Kematian Meningkat Akibat Alor Kurang 7 Dokter Spesialis

Ketua Fraksi Ibrahim Nampira dan Anggota Fraksi Yusak Olang sedang konsultasi dengan pasien di RSUD Kalabahi, Kamis (9/1) pagi.
Ketua Fraksi Ibrahim Nampira dan Anggota Fraksi Yusak Olang sedang konsultasi dengan pasien di RSUD Kalabahi, Kamis (9/1) pagi.

Kalabahi –

Ketua Fraksi Persatuan Nurani DPRD Kabupaten Alor, Ibrahim Nampira menyebutkan, angka kematian yang tinggi selama kurun waktu lima tahun ini disebabkan RSUD Kalabahi kekurangan 7 dokter spesialis.

“(Kematian meningkat) ini tentu ada korelasinya dengan ketiadaan dokter spesialis. Jujur saja itu korelasinya jelas karena kita memang tidak ada dokter spesialis. Kadang pasien baru tiba di RSUD dia sudah meninggal di sana,” kata Ibrahim di sela kunjungan kerja bersama Sekretaris dan anggota Fraksi Persatuan Nurani di RSUD Kalabahi, Kamis (9/1/2020) pagi.

Kekurangan 7 dokter spesialis tercuak ketika Faksi Persatuan Nurani melakukan Kunjungan Kerja (Kunker) di RSUD Kalabahi hari Kamis pagi. Ibrahim Nampira menemukan, ternyata RSUD tidak ada satupun dokter spesialis yang bertugas di sana.

“RSUD saat ini kekurangan dokter spesialis. Kekurangan yang dibutuhkan itu ada 7 dokter spesialis dari 5 lima dokter umum yang ada,” sambung politisi Partai Perindo itu.

Ia mengatakan, kekurang 7 dokter spesialis tersebut untuk mengisi kekosongan penyakit dalam, anestasia, anak dan penyakit lainnya.

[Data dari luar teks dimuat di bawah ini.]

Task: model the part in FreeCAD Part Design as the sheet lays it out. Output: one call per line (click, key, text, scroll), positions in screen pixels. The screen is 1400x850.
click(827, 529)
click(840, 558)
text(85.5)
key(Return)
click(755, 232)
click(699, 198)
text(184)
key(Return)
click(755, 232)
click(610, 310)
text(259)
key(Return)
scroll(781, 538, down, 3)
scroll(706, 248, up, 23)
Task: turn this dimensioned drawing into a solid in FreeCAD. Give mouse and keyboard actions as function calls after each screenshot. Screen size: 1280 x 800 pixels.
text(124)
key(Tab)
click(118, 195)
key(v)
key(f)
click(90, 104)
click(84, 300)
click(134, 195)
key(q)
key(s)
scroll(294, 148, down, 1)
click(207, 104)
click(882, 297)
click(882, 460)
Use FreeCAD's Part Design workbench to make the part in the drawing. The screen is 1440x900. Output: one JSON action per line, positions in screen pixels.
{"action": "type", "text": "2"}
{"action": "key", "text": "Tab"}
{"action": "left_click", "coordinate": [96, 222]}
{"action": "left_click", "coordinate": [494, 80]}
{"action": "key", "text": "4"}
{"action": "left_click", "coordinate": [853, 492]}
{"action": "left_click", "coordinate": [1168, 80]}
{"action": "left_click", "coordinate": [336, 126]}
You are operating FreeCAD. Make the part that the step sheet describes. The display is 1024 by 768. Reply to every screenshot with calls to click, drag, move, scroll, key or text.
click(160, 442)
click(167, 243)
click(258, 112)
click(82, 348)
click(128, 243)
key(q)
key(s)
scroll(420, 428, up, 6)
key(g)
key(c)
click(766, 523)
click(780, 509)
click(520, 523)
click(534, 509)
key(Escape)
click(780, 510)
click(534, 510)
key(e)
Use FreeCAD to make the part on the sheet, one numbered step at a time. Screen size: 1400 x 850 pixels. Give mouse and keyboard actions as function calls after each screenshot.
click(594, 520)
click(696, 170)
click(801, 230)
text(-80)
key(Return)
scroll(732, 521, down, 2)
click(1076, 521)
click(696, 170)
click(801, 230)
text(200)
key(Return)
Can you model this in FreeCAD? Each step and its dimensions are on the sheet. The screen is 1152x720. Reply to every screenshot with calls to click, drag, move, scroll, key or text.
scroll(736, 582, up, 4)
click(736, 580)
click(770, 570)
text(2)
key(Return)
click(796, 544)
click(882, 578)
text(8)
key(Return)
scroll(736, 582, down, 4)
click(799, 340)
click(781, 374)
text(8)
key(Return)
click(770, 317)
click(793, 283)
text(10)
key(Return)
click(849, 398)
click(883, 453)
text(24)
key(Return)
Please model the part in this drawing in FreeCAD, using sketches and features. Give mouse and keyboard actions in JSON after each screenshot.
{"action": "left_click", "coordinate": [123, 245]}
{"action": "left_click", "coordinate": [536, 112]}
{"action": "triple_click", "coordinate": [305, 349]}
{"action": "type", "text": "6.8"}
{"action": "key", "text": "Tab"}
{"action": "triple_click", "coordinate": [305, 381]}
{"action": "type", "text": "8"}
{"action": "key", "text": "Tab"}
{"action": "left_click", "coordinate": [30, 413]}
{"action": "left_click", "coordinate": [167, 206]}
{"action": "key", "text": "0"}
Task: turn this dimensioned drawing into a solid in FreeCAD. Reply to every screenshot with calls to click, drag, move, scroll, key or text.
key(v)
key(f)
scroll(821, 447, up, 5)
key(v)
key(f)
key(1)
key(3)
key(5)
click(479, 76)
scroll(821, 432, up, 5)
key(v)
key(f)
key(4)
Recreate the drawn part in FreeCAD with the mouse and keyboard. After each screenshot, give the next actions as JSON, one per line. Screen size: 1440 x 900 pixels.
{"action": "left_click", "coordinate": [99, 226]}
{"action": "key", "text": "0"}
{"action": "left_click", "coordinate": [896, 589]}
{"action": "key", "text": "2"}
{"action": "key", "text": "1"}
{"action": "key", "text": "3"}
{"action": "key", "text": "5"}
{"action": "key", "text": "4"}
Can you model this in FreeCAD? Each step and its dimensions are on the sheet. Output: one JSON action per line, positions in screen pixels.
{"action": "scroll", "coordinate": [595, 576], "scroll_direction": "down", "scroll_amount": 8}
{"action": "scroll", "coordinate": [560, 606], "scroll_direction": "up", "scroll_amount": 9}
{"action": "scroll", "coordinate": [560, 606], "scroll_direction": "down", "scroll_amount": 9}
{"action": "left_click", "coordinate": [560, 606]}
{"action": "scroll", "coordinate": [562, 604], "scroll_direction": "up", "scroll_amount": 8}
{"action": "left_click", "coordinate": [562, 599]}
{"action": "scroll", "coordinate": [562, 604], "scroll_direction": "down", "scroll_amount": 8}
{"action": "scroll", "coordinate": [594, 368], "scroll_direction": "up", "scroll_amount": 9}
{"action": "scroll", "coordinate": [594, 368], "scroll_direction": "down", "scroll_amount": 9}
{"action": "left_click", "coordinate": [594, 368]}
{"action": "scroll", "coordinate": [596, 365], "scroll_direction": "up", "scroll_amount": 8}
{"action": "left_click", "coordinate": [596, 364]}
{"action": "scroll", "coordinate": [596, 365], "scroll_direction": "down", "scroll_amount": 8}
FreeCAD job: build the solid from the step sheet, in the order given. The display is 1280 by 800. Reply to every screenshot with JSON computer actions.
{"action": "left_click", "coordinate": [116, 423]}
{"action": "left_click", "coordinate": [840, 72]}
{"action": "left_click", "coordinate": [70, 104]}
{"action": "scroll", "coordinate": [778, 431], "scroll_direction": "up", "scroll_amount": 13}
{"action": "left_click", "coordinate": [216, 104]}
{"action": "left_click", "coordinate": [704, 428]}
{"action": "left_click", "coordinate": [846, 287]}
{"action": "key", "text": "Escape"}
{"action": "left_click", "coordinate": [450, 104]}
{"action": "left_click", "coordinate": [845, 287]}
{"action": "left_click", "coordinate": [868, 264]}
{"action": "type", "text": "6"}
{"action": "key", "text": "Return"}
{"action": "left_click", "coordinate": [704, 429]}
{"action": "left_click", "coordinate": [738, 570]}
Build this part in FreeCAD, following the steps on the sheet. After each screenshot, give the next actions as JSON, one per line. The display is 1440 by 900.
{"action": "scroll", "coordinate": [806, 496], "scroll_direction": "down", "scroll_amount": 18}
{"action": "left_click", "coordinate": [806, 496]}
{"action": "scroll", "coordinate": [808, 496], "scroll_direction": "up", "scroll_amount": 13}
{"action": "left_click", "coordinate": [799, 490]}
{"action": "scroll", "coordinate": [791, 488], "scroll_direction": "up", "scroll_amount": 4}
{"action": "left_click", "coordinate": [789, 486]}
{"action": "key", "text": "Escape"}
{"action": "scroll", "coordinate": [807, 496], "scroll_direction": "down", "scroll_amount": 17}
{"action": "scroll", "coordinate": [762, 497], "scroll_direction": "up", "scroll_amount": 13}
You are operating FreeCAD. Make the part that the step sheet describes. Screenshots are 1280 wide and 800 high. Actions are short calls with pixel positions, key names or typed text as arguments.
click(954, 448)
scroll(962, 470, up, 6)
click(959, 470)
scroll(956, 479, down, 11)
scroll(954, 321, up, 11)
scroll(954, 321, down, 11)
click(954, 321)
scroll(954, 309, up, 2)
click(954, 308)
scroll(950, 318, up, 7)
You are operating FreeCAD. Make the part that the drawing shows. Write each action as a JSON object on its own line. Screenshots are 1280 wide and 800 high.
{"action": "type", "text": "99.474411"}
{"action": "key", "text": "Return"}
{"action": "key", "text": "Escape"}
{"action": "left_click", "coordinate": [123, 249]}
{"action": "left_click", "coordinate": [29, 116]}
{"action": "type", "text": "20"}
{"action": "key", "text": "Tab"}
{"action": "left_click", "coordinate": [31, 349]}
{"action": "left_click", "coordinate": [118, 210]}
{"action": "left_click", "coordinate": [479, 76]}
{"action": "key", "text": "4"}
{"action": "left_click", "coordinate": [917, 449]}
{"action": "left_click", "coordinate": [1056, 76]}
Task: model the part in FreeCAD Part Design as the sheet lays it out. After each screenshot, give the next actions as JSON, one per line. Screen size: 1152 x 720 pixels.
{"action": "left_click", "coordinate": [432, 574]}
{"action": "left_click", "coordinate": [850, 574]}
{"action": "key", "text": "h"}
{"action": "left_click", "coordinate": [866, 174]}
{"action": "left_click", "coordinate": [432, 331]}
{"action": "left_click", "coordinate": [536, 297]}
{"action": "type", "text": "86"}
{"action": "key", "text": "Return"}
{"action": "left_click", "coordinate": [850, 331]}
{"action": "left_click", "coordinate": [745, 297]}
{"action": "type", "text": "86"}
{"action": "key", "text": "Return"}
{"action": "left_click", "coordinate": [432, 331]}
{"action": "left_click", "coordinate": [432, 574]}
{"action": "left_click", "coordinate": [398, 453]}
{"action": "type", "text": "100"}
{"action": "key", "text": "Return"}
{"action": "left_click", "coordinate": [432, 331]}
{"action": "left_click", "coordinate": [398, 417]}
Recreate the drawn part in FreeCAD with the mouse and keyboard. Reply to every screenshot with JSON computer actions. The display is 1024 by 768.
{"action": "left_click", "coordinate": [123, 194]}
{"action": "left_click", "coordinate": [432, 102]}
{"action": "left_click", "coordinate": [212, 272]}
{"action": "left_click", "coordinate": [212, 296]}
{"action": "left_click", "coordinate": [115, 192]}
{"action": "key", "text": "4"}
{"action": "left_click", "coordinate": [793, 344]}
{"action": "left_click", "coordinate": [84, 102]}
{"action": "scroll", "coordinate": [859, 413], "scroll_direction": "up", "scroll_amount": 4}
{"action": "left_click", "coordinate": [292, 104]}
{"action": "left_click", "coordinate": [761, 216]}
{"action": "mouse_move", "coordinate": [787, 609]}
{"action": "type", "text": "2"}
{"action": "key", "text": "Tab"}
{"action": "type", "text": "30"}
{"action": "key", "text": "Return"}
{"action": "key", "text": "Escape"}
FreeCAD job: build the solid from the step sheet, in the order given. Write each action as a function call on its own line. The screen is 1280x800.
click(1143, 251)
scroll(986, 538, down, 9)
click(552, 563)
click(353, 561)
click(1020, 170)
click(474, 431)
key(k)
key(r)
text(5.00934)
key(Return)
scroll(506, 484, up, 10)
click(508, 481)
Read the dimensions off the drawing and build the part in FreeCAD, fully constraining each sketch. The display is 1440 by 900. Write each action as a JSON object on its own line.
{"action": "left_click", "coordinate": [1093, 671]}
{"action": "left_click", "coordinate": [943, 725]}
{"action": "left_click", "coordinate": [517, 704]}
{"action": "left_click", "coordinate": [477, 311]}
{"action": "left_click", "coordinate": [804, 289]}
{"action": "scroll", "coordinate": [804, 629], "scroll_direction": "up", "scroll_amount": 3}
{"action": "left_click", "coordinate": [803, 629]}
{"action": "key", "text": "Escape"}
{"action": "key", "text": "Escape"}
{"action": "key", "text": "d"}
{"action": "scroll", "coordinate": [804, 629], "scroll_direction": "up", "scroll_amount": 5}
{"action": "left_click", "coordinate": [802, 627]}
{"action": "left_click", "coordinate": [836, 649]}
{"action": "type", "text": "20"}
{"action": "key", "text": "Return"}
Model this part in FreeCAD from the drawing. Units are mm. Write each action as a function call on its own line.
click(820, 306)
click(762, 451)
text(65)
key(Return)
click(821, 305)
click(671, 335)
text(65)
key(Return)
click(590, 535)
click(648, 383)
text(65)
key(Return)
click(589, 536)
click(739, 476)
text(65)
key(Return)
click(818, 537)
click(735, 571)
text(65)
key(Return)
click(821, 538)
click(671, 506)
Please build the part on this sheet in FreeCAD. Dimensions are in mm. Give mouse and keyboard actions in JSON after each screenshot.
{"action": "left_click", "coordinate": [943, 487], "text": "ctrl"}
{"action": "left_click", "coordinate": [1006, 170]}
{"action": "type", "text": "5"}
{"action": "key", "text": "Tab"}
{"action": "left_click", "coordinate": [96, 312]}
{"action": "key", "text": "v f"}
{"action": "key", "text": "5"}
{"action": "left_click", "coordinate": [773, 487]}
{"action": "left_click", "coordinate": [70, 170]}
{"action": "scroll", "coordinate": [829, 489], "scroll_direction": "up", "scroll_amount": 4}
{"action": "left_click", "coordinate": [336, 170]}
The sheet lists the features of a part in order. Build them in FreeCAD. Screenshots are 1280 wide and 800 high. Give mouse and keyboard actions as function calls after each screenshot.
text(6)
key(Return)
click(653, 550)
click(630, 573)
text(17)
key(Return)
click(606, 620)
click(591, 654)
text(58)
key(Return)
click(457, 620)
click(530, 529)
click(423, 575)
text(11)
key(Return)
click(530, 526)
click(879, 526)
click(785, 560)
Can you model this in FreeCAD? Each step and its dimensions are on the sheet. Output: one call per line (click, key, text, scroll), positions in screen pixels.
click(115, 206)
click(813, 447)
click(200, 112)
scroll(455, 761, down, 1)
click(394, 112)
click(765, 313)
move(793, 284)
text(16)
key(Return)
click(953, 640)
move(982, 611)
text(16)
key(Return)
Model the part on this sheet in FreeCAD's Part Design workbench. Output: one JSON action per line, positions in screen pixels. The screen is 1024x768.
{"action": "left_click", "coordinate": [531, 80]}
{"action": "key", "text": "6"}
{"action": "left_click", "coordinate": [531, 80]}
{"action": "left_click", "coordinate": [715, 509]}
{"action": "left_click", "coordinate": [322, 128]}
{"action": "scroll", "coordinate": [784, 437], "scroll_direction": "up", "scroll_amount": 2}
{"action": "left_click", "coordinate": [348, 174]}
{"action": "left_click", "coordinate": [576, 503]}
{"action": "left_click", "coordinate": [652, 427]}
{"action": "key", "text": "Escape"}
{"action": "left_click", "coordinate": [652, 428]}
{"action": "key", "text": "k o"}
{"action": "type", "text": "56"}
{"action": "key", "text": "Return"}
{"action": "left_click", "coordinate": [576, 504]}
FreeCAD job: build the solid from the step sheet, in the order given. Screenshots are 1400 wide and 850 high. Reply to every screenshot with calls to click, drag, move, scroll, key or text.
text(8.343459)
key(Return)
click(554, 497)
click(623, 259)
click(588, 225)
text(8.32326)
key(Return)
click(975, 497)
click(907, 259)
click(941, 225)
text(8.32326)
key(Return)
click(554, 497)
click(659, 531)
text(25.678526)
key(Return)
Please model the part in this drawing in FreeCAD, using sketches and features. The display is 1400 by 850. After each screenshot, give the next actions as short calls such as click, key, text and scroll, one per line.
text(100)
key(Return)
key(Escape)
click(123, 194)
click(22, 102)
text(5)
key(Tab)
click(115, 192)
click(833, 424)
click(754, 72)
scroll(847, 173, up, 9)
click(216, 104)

“7 dokter itu nantinya menangani berbagai penyakit, ada di Anestesia dan macam-macam. Tadi kami mendapat informasi bahwa kekurangan dokter spesialis jumlahnya ada 7,” ujarnya.

Kurang Tenaga Apoteker

Selain kekurangan 7 dokter spesialis, Ibrahim menyebutkan, RSUD juga kekurangan tenaga Apoteker dan tenaga teknis sehingga memperlambat pelayanan obat-obatan pasien. Hal itu pun berpengaruh pada kematian yang tergolong tinggi di Kabupaten Alor.

“Semua punya korelasinya. Jadi kekurangan-kekurangan ini perlu di isi,” tutur eks Pengurus Kemahnuri Kupang itu.

Ibrahim akan berkonsultasi dengan sesama Anggota DPRD di Komisi III yang membidangi kesehatan untuk gelar Rapat Kerja bersama pemerintah membahas kekosongan 7 dokter spesialis dan tenaga Apoteker.

“Nanti kami konsultasi dengan teman-teman di Komisi III yang bersangkutan untuk membahas masalah ini dengan pemerintah. Bila perlu kita rapat gabungan komisi dengan OPD terkait. Kita ingin ada solusi supaya pelayanan RSUD bisa berjalan sesuai standar kesehatan,” pungkasnya.

BPS NTT merilis, Angka Harapan Hidup (AHH) orang Alor tahun 2014 ada di posisi 59,73 tahun. Tahun 2015, 60,23 dan 2016 naik menjadi 60,35. Di tahun 2017 meningkat menjadi 60,47 dan tahun 2018 capai 60,8 tahun.

Bila dibanding Angkat Harapan Hidup orang Propinsi NTT maka, tahun 2014; 65,91, tahun 2015, 65,96, tahun 2016, 66,04, tahun 2017, 66,07 dan tahun 2018, 66,38 tahun.

Sedangkan Angka Harapan Hidup Nasional tahun 2014; 70,59, tahun 2015, 70,78, tahun 2016, 70,90, tahun 2017, 71,06 dan tahun 2018, 71,20.

Artinya pada tahun 2018, rata-rata penduduk Alor yang meninggal di tahun 2018, ada di usia 60,8 tahun. Sedangkan rata-rata penduduk NTT yang meninggal tahun 2018 ada di posisi usia 66,38 tahun.

Sementara penduduk Indonesia yang meninggal di tahun 2018, rata-rata ada di usia 71,20 tahun. Ada perbedaan cukup signifikan antara angka kematian orang Alor, orang NTT dan Nasional. (*dm).